Dans le secteur privé, la hausse du prix des produits subventionnés va donner le feu vert à la valse des étiquettes de tous les produits similaires. Les grandes laiteries du pays, comme Tnuva, Strauss et Tara, viennent d’annoncer le relèvement de leurs prix: immédiatement après les fêtes de Souccot, la hausse des prix devra compenser le renchérissement des matières premières enregistré depuis plusieurs mois mais qui n’a pas été répercuté à la consommation.

La faute aux fabricants ?

Le lait n’est pas le seul produit alimentaire à connaître la valse des étiquettes. Les autres produits de consommation courante suivront rapidement pour répercuter l’augmentation des coûts de production. Chez Osem, on explique que « depuis janvier 2011, le coût des matières premières dans le monde a flambé de plusieurs dizaines de pourcents, comme la farine, le mais et le soja; par ailleurs, le prix de l’énergie, de l’eau et les impôts locaux ont aussi augmenté sensiblement, ce qui a renchéri les coûts de production ».

Si les principaux accusés sont le sucre, le café, l’huile et la farine, les fabricants israéliens vont renchérir toute une ligne de produits alimentaires comme les soupes en poudre, les pâtes, les cornflakes, les plats cuisinés, la mayonnaise, etc. Chez Osem comme chez Unilever, les nouveaux tarifs entreront en vigueur le 1er novembre et ils refléteront une hausse allant de 3 à 6% selon les produits. De même, Coca-Cola vient d’annoncer une hausse de 5,7% du prix de tous ses produits dont la ligne comprend aussi les boissons gazeuses Sprite, Fanta et Kinley, ainsi que l’eau naturelle Neviot.

La faute aux élections ?

La hausse annoncée des prix des produits alimentaires fait des remous au sommet même de l’Etat. Fait exceptionnel, le Contrôleur de l’Etat est intervenu publiquement pour exprimer son mécontentement: Yossef Shapira vient de se dire scandalisé par l’ampleur des hausses annoncées et par le flou qui entoure le calcul des hausses de prix. Selon les calculs réalisés par ses services, le prix des produits alimentaires a augmenté de 10% entre 2005 et 2011 alors que, sur la même période, le revenu réel a stagné, ce qui a entraîné un recul du pouvoir d’achat.

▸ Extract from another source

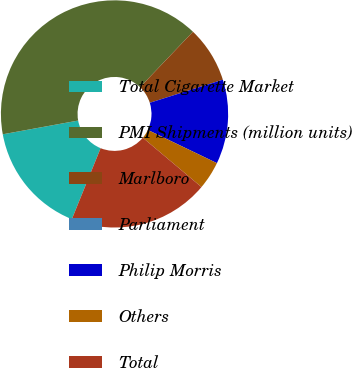Convert chart. <chart><loc_0><loc_0><loc_500><loc_500><pie_chart><fcel>Total Cigarette Market<fcel>PMI Shipments (million units)<fcel>Marlboro<fcel>Parliament<fcel>Philip Morris<fcel>Others<fcel>Total<nl><fcel>16.0%<fcel>40.0%<fcel>8.0%<fcel>0.0%<fcel>12.0%<fcel>4.0%<fcel>20.0%<nl></chart>

Récemment, le contrôleur Shapira avait recommandé au gouvernement une refonte de la méthode de calcul du prix du lait subventionné: aujourd’hui, il regrette que le renchérissement des produits laitiers ait été annoncé avant même que le système d’ajustement n’ait été revu.

Quant à Youval Steinitz, le ministre des Finances, il se dit convaincu que la baisse de droits de douanes et la concurrence des produits importés vont contribuer à ralentir la hausse des prix. Aujourd’hui, l’importation de produits laitiers supporte 150 à 200% de droits de douane. L’objectif du gouvernement est d’abaisser les taxes d’importation jusqu’à un taux maximal de 50%. Pour l’heure, le puissant lobby des agriculteurs a réussi à retarder toute baisse des droits de douane sur les produits laitiers importés. Et, la tenue d’élections anticipées devrait à nouveau ralentir la libéralisation des importations: les agriculteurs ont une influence importante sur les choix politiques des grands partis israéliens.